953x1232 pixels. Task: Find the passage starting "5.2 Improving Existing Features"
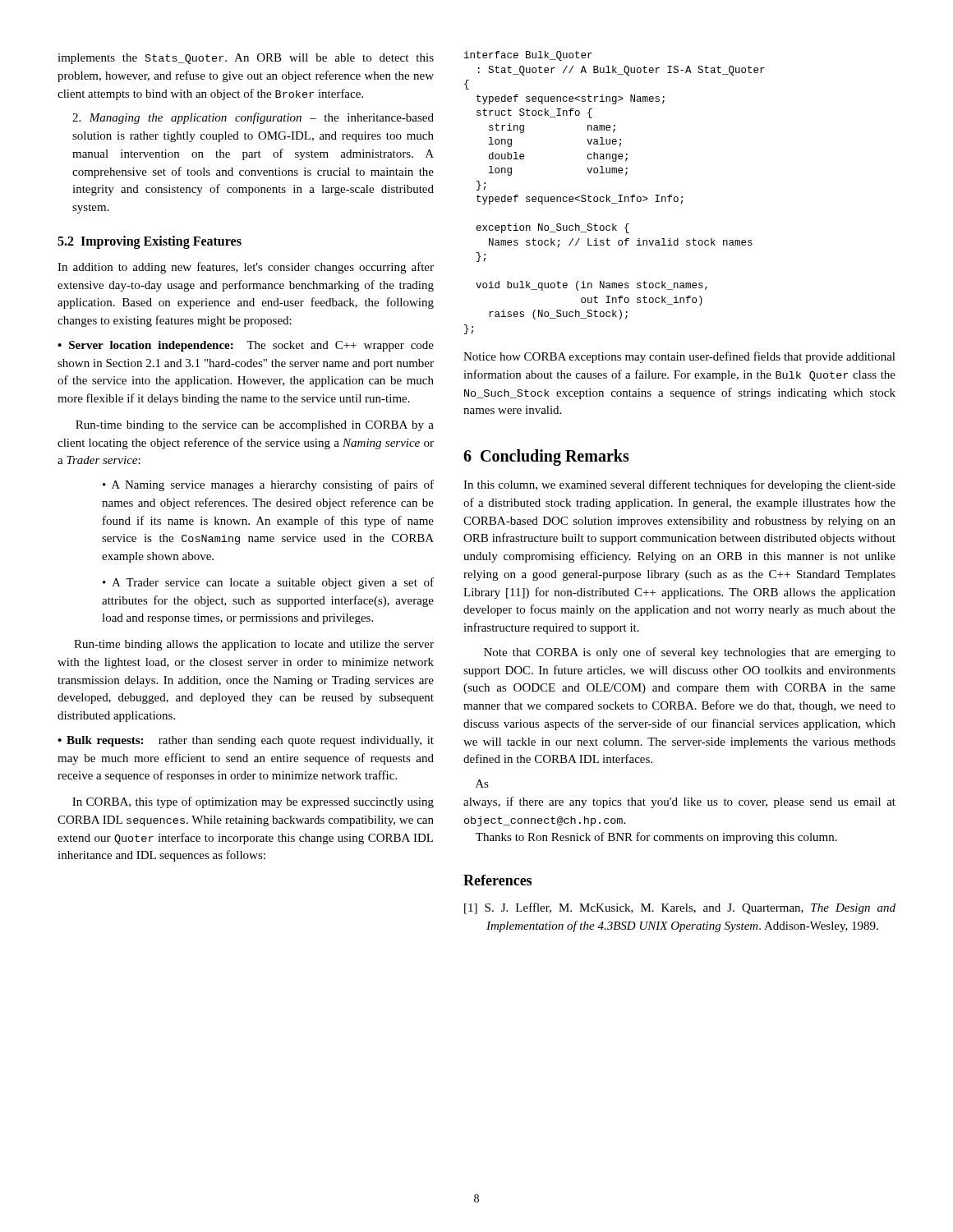pos(246,241)
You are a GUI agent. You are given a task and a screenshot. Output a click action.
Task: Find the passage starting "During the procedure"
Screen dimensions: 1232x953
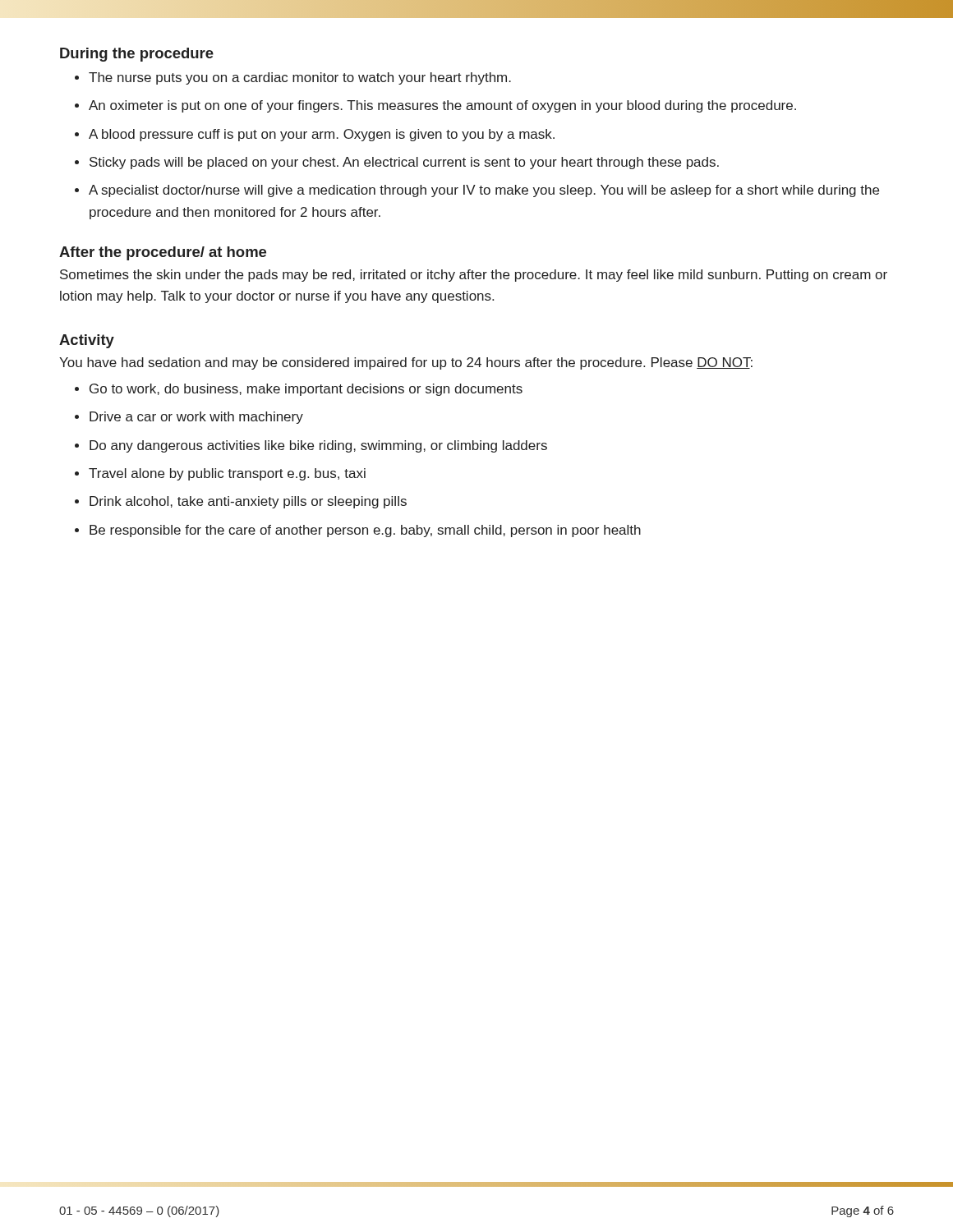136,53
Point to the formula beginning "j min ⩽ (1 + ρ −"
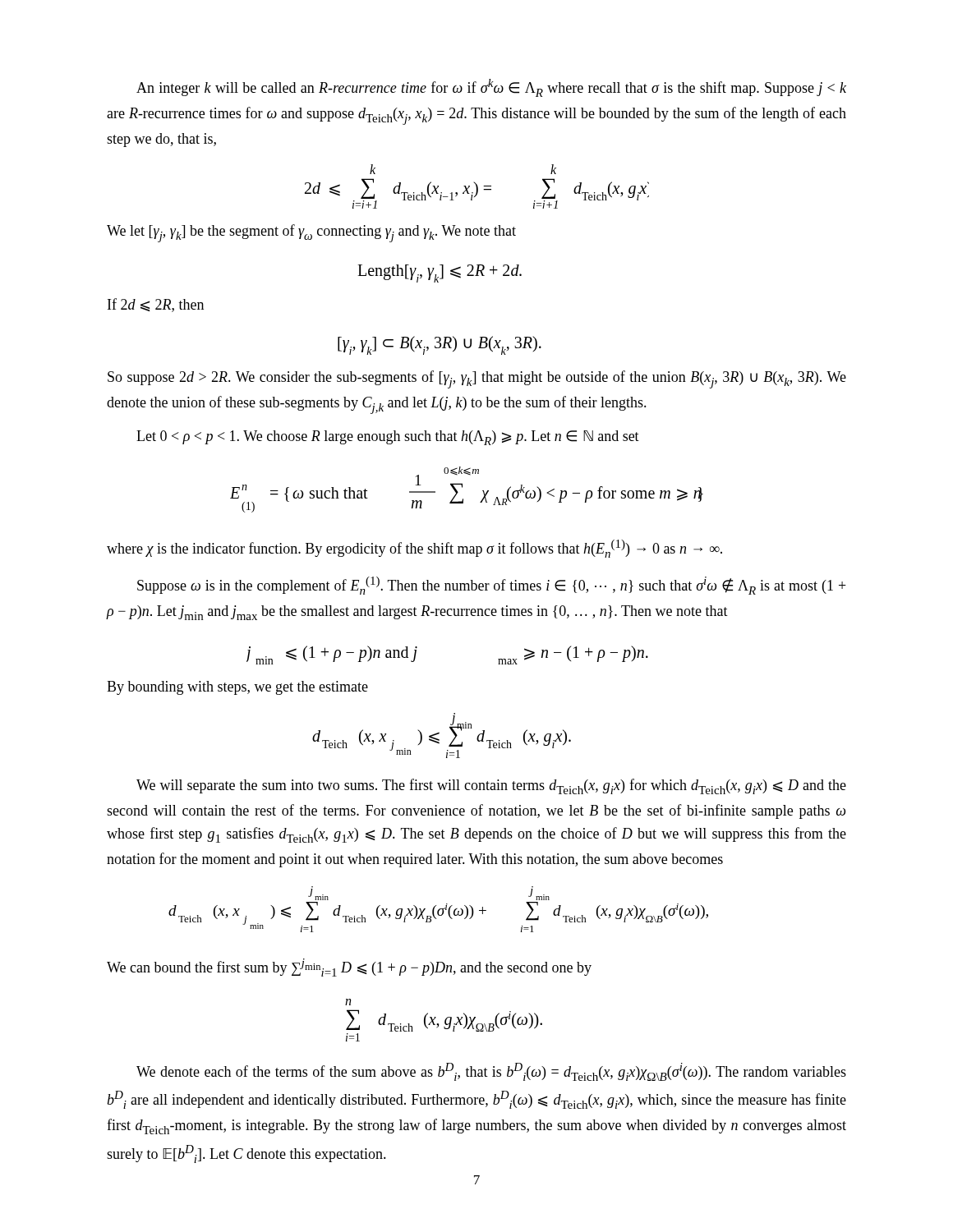This screenshot has width=953, height=1232. point(336,655)
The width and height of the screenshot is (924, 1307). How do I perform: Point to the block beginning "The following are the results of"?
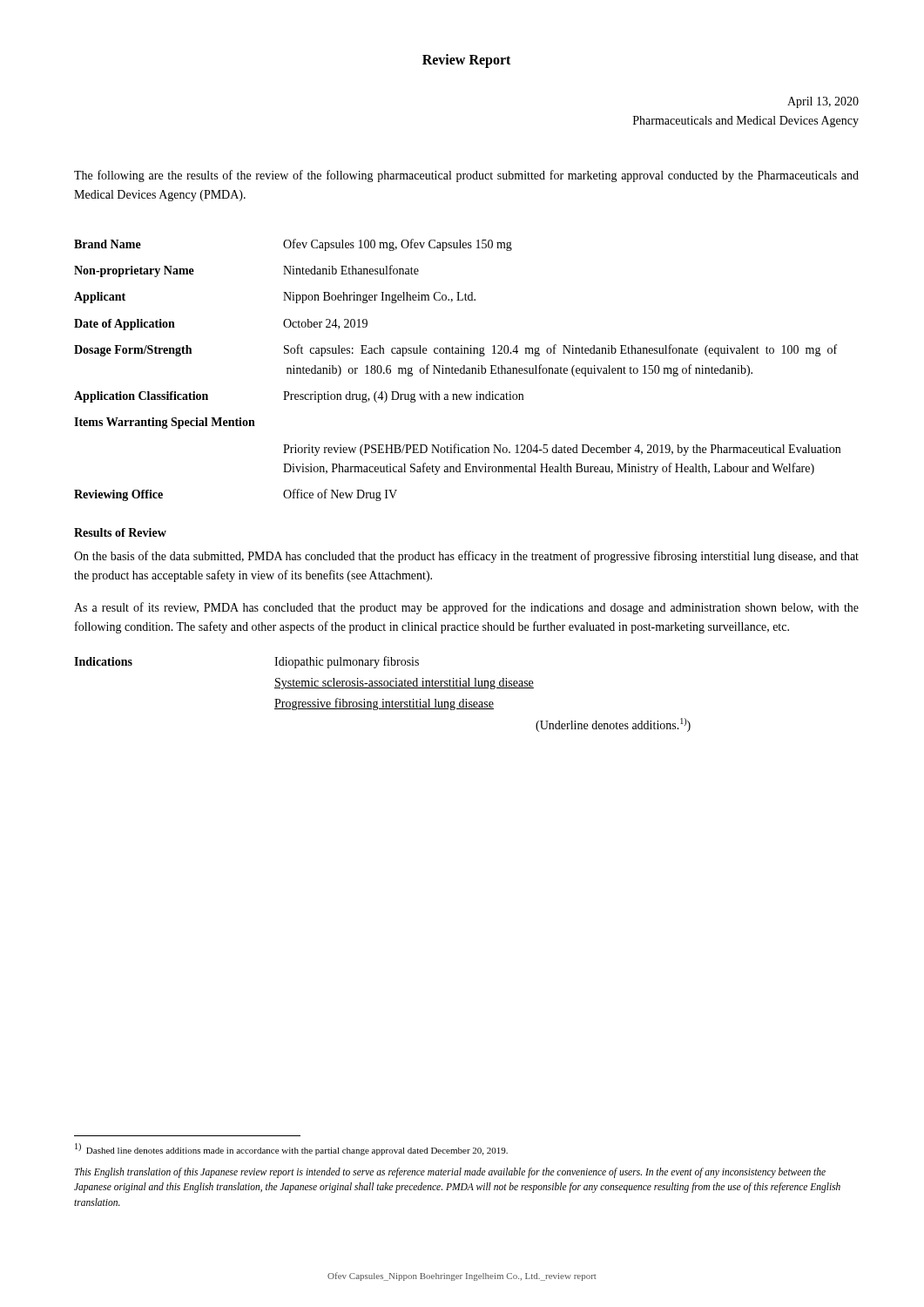(466, 185)

WHAT TO WORK ON — Only the lines from the one containing "The width and" to the end of the listing belong in the answer, exactly as they stand and with no pictures.

THE COMPLETED TASK —
The width and height of the screenshot is (924, 1307). How do I perform: Point to the block beginning "The following are the results of"?
(466, 185)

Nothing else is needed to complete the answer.